The CODATA Cross-Domain Interoperability Framework (CDIF) Handbook is the primary source of documentation for CDIF. It provides implementation recommendations based on profiles of common, domain-neutral metadata standards aligned to support the core functions required by FAIR.
🌐 Live Book: https://cross-domain-interoperability-framework.github.io/cdifbook
CDIF is designed to support multi-disciplinary research by establishing a "lingua franca" for metadata exchange. Our primary goals include:
- Support FAIR implementation: Providing practical, machine-actionable recommendations for FAIR data exchange.
- Cross-domain interoperability: Bridging the gap between domain-specific standards using domain-neutral profiles.
- Scalability: Reducing the "many-to-many" mapping problem into a manageable "many-to-one" dynamic.
- Practicality: Leveraging existing standards (metadata, web standards) that are already in common use.

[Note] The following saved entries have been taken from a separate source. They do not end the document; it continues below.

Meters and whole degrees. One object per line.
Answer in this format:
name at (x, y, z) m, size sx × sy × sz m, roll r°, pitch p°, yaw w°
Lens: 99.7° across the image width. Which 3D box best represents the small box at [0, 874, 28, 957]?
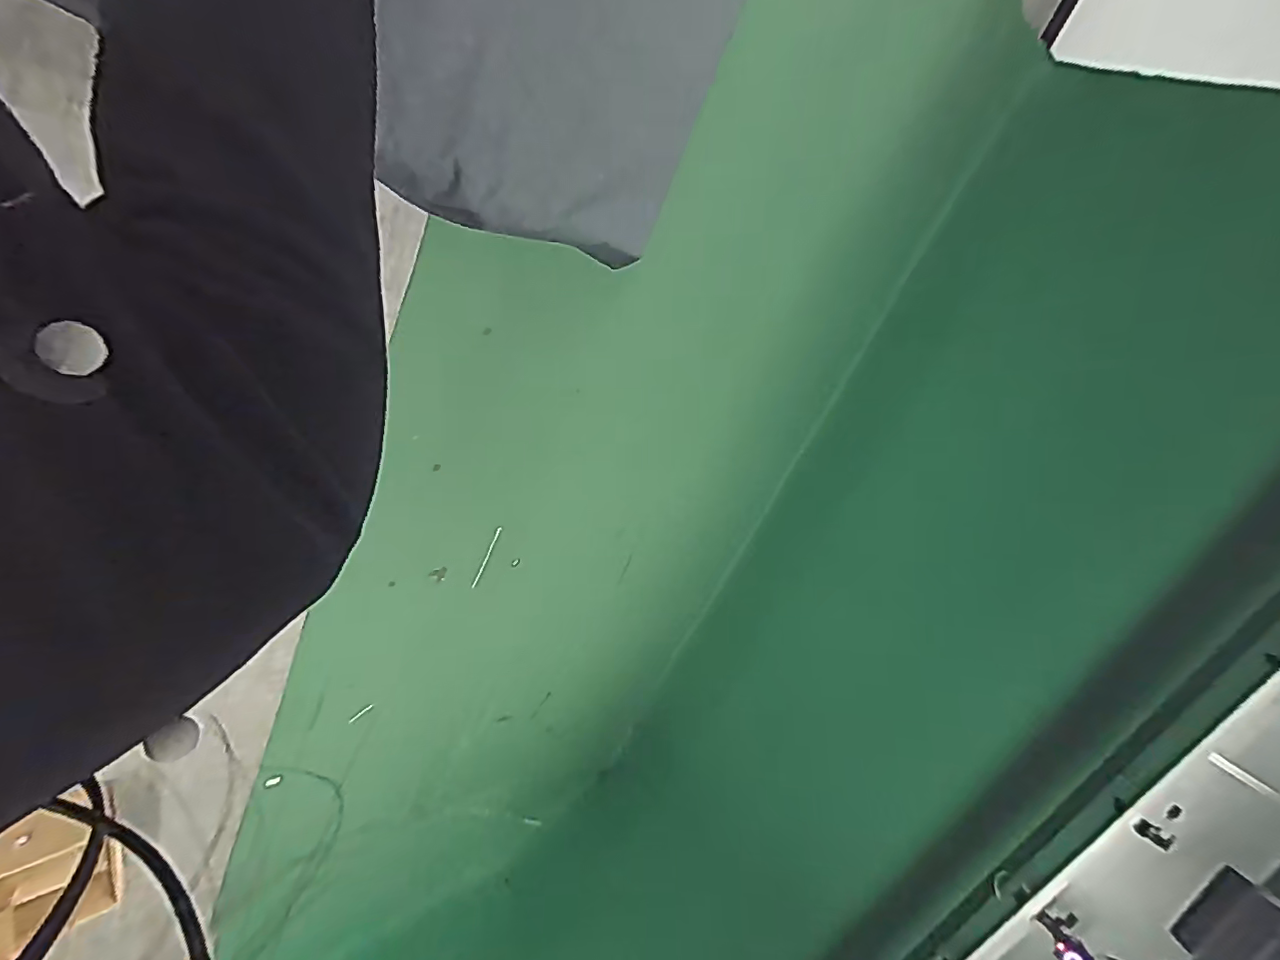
small box at (-1.745, 1.193, 1.414) m, size 0.179 × 0.176 × 0.168 m, roll -5°, pitch 124°, yaw -48°
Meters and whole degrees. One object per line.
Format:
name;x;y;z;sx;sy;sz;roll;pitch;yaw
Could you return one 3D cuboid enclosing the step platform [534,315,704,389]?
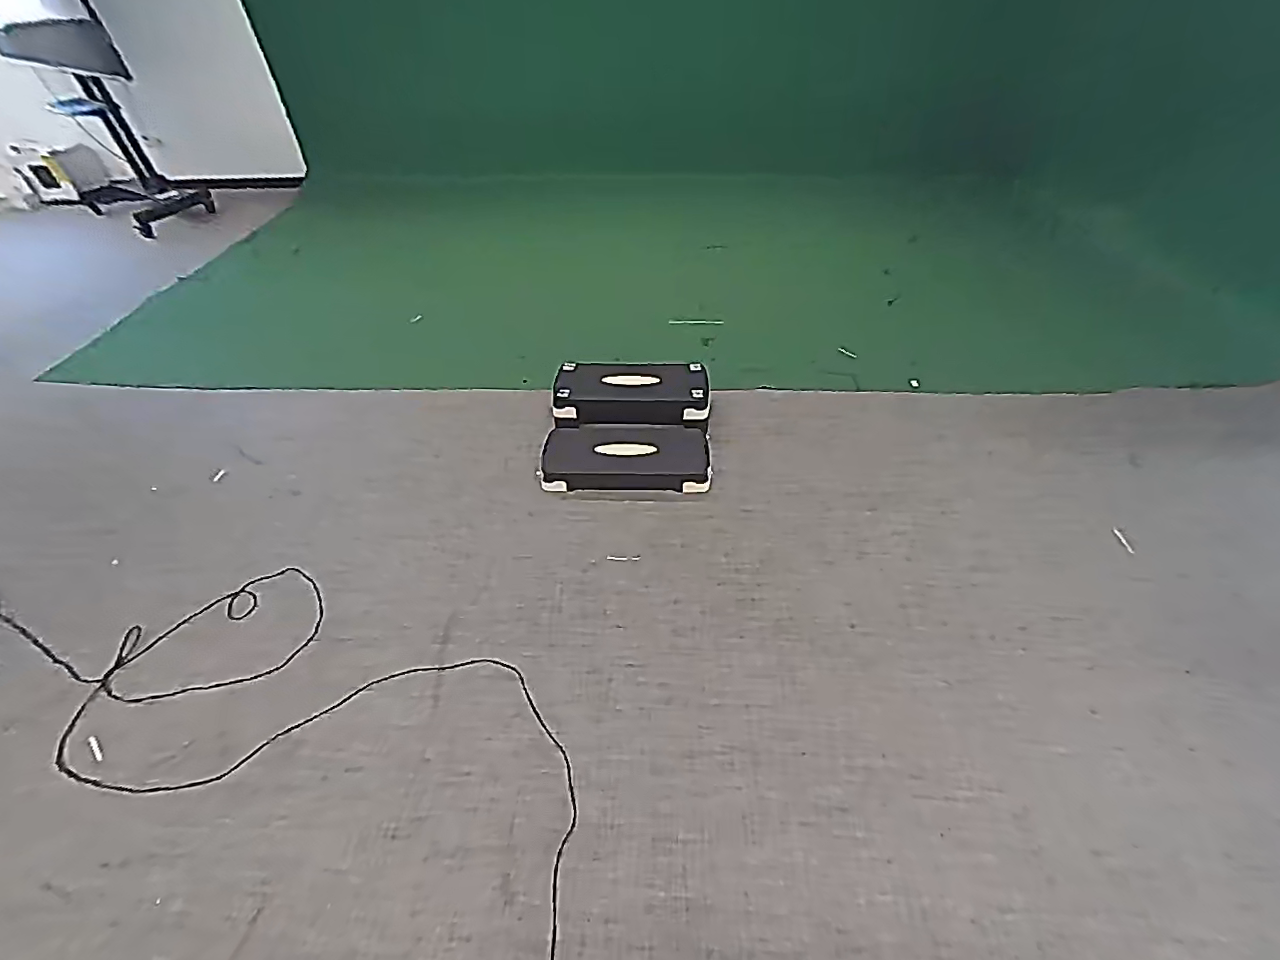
step platform;-0.081;-0.534;2.252;0.684;0.204;0.286;0;45;3

The handbook is organized around these core profiles:
- Core: Shared metadata content model and schema.org implementation underpinning the other profiles.
- Discovery: Patterns for metadata content, serialization, and publication.
- Controlled Vocabularies: Practices for publishing semantic artifacts.
- Data Description (for Integration): Structural and semantic documentation to make data "integration-ready."
- Data Access: Documentation of access conditions and permitted use.
- Universals: Description of universal elements like time, geography, and units of measurement.
This book is built using Jupyter Book 2 (the MyST mystmd-based engine, pinned to 2.1.2 in requirements.txt). You can build it locally to preview changes.
-
Clone the repository:
git clone https://github.com/Cross-Domain-Interoperability-Framework/cdifbook.git cd cdifbook -
Install dependencies (Option A: pip):
python -m venv .venv source .venv/bin/activate pip install -r requirements.txt -
Install dependencies (Option B: uv):
uv venv source .venv/bin/activate uv pip install -r requirements.txt -
Install dependencies (Option C: conda):
conda create -n cdifbook python=3.12 conda activate cdifbook pip install -r requirements.txt
To build the HTML version of the book:
jupyter-book build --htmlThe output is written to _build/html/. Open _build/html/index.html in your browser to view the book.
Use these commands while iterating on content:
- Live preview (auto-rebuilds on save, recommended):
Serves the book at http://localhost:3000.
jupyter-book start
- Build after edits:
jupyter-book build --html
- Check links:
jupyter-book build --html --check-links
⚠️ Do not runjupyter-book cleanor delete_build/. The ~130 MB site theme is cached only inside_build/(no global cache under~/.mystor%LOCALAPPDATA%). Wiping it forces a fresh download from the network and will break offline builds entirely.
Working offline? Run a build once while online to populate the theme cache, then leave
_build/alone. Link checking also requires a connection.
Two GitHub Actions workflows publish the book to GitHub Pages — both pushing to the same gh-pages branch but at different paths:
| Source branch | Workflow file | Published URL |
|---|---|---|
main |
.github/workflows/deploy-main.yml |
https://cross-domain-interoperability-framework.github.io/cdifbook/ |
cdifBookUpdates2026-05 |
.github/workflows/preview-cdifBookUpdates2026-05.yml |
https://cross-domain-interoperability-framework.github.io/cdifbook/preview-2026-05/ |
Each workflow auto-runs on push to its source branch and can also be triggered manually (Actions tab → Run workflow). Builds set BASE_URL so internal navigation works under the appropriate path. The two workflows share concurrency group deploy-ghpages with cancel-in-progress: false, so simultaneous pushes queue instead of racing on gh-pages. The main deploy snapshots preview-2026-05/ from gh-pages before publishing, so neither workflow erases the other's output. Total deploy time is ~55s per workflow run.
We welcome contributions from the community!
The CDIF Working Group meets virtually every two weeks.
- Join us: Application Form
- Community List: Register here
- JSON-LD Examples: Creating detailed metadata for data integration and access.
- Validation Rules: Developing SHACL rules to validate CDIF metadata.
- Use Cases: Documenting data descriptions for AI/training data (e.g., using Croissant).
- Format Support: Metadata examples for gridded data or time series (NetCDF/HDF).
- Fork the repository.
- Create a new branch (e.g.,
feature/new-section). - Make your changes in the relevant
.mdfiles. - Verify the build locally.
- Submit a Pull Request.
This work is dedicated to the public domain under the CC0 1.0 Universal (CC0 1.0) license. See the LICENSE file for the full legal text.
CDIF emerged from the WorldFAIR project and is maintained by the World Fair CDIF Working Group. We acknowledge the contribution of the 30+ experts from various FAIR initiatives and standards bodies who have helped shape this framework.